↓↓↓

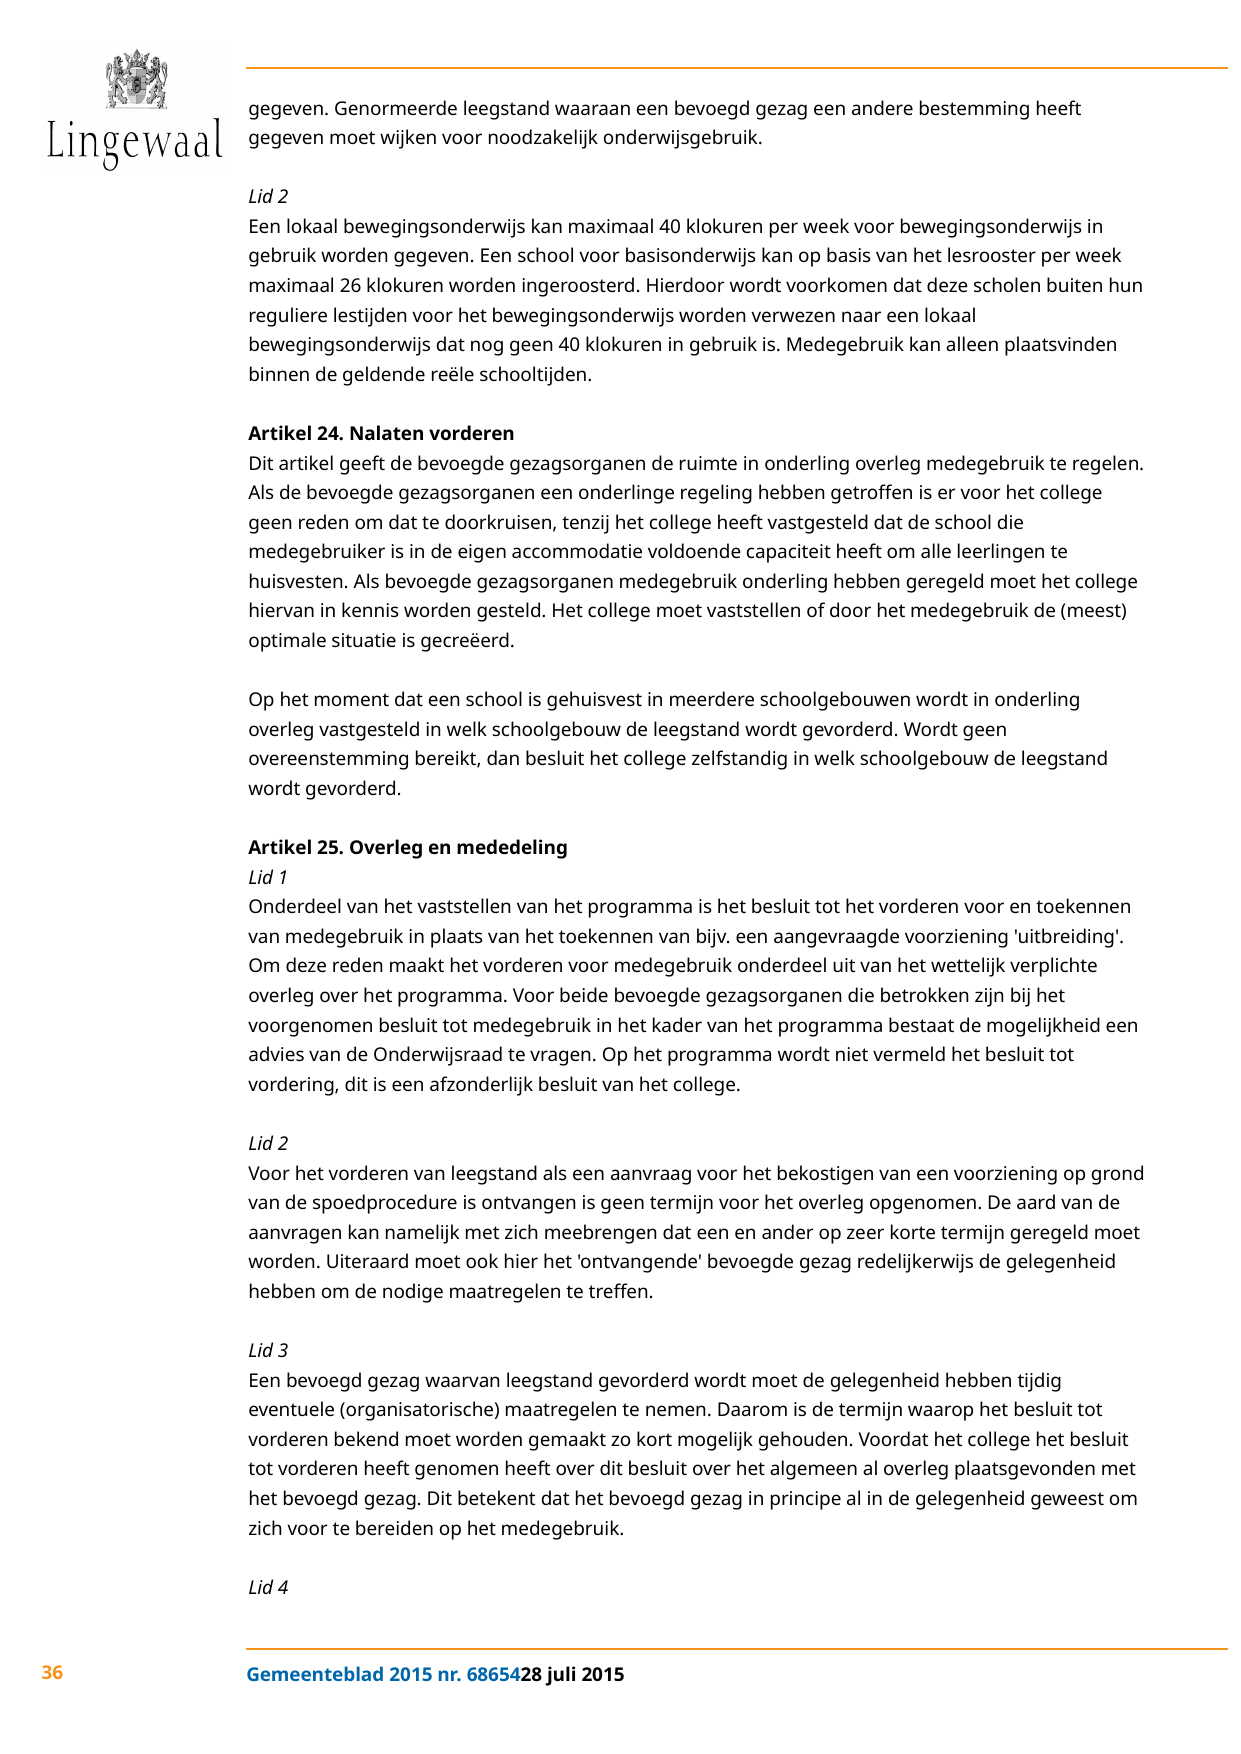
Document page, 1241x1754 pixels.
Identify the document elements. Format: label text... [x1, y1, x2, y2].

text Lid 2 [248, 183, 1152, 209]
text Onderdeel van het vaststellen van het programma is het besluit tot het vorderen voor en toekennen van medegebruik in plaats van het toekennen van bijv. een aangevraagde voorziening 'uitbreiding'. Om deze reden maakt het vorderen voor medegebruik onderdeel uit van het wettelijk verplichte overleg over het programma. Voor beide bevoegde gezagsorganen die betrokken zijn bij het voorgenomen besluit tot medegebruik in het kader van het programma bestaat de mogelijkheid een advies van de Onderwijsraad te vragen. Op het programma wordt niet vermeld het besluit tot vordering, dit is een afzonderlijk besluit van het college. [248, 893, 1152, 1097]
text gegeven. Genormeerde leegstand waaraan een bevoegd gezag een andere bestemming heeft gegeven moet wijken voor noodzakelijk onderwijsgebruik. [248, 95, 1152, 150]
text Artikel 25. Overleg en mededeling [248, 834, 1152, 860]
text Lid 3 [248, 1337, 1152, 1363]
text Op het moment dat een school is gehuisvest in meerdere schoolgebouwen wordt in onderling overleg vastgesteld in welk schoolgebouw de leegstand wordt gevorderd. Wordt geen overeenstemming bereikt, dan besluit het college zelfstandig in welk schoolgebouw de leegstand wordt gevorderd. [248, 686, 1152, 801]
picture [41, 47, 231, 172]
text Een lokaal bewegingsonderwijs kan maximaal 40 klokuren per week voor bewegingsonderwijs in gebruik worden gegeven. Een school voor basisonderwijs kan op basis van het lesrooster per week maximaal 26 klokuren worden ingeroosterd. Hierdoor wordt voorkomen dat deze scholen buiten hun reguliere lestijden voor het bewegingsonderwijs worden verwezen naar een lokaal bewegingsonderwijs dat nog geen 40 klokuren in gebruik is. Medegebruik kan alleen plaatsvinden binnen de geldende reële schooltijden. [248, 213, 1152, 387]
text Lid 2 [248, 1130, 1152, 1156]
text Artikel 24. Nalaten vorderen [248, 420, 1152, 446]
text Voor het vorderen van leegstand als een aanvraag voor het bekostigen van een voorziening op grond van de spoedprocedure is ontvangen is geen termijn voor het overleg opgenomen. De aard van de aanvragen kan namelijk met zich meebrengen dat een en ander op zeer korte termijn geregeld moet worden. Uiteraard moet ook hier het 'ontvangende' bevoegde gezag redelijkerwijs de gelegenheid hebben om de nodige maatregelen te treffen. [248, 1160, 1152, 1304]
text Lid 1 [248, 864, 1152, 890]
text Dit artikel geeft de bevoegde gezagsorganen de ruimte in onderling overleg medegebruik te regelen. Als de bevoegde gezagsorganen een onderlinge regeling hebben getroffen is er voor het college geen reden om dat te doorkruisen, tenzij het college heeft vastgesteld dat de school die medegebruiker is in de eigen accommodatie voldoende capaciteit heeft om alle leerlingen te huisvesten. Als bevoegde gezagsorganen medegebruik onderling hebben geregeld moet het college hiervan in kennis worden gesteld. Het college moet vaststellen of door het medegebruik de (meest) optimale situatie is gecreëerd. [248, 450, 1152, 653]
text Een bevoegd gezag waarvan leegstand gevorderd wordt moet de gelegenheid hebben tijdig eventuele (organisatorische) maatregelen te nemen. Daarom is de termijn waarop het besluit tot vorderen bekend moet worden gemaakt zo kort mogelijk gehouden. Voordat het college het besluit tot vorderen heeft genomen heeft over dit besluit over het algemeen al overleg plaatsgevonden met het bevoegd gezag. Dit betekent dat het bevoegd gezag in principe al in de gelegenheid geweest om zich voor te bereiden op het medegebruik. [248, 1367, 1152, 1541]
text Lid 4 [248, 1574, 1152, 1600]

↑↑↑

== Task to complete ==
Give the listing above again in its entirety and exactly; do not include the pictures.

== Completed exercise ==
Document page, 1241x1754 pixels.
Identify the document elements. Format: label text... [x1, y1, x2, y2].

text Lid 2 [248, 183, 1152, 209]
text Onderdeel van het vaststellen van het programma is het besluit tot het vorderen voor en toekennen van medegebruik in plaats van het toekennen van bijv. een aangevraagde voorziening 'uitbreiding'. Om deze reden maakt het vorderen voor medegebruik onderdeel uit van het wettelijk verplichte overleg over het programma. Voor beide bevoegde gezagsorganen die betrokken zijn bij het voorgenomen besluit tot medegebruik in het kader van het programma bestaat de mogelijkheid een advies van de Onderwijsraad te vragen. Op het programma wordt niet vermeld het besluit tot vordering, dit is een afzonderlijk besluit van het college. [248, 893, 1152, 1097]
text gegeven. Genormeerde leegstand waaraan een bevoegd gezag een andere bestemming heeft gegeven moet wijken voor noodzakelijk onderwijsgebruik. [248, 95, 1152, 150]
text Artikel 25. Overleg en mededeling [248, 834, 1152, 860]
text Lid 3 [248, 1337, 1152, 1363]
text Op het moment dat een school is gehuisvest in meerdere schoolgebouwen wordt in onderling overleg vastgesteld in welk schoolgebouw de leegstand wordt gevorderd. Wordt geen overeenstemming bereikt, dan besluit het college zelfstandig in welk schoolgebouw de leegstand wordt gevorderd. [248, 686, 1152, 801]
picture [41, 47, 231, 172]
text Een lokaal bewegingsonderwijs kan maximaal 40 klokuren per week voor bewegingsonderwijs in gebruik worden gegeven. Een school voor basisonderwijs kan op basis van het lesrooster per week maximaal 26 klokuren worden ingeroosterd. Hierdoor wordt voorkomen dat deze scholen buiten hun reguliere lestijden voor het bewegingsonderwijs worden verwezen naar een lokaal bewegingsonderwijs dat nog geen 40 klokuren in gebruik is. Medegebruik kan alleen plaatsvinden binnen de geldende reële schooltijden. [248, 213, 1152, 387]
text Lid 2 [248, 1130, 1152, 1156]
text Artikel 24. Nalaten vorderen [248, 420, 1152, 446]
text Voor het vorderen van leegstand als een aanvraag voor het bekostigen van een voorziening op grond van de spoedprocedure is ontvangen is geen termijn voor het overleg opgenomen. De aard van de aanvragen kan namelijk met zich meebrengen dat een en ander op zeer korte termijn geregeld moet worden. Uiteraard moet ook hier het 'ontvangende' bevoegde gezag redelijkerwijs de gelegenheid hebben om de nodige maatregelen te treffen. [248, 1160, 1152, 1304]
text Lid 1 [248, 864, 1152, 890]
text Dit artikel geeft de bevoegde gezagsorganen de ruimte in onderling overleg medegebruik te regelen. Als de bevoegde gezagsorganen een onderlinge regeling hebben getroffen is er voor het college geen reden om dat te doorkruisen, tenzij het college heeft vastgesteld dat de school die medegebruiker is in de eigen accommodatie voldoende capaciteit heeft om alle leerlingen te huisvesten. Als bevoegde gezagsorganen medegebruik onderling hebben geregeld moet het college hiervan in kennis worden gesteld. Het college moet vaststellen of door het medegebruik de (meest) optimale situatie is gecreëerd. [248, 450, 1152, 653]
text Een bevoegd gezag waarvan leegstand gevorderd wordt moet de gelegenheid hebben tijdig eventuele (organisatorische) maatregelen te nemen. Daarom is de termijn waarop het besluit tot vorderen bekend moet worden gemaakt zo kort mogelijk gehouden. Voordat het college het besluit tot vorderen heeft genomen heeft over dit besluit over het algemeen al overleg plaatsgevonden met het bevoegd gezag. Dit betekent dat het bevoegd gezag in principe al in de gelegenheid geweest om zich voor te bereiden op het medegebruik. [248, 1367, 1152, 1541]
text Lid 4 [248, 1574, 1152, 1600]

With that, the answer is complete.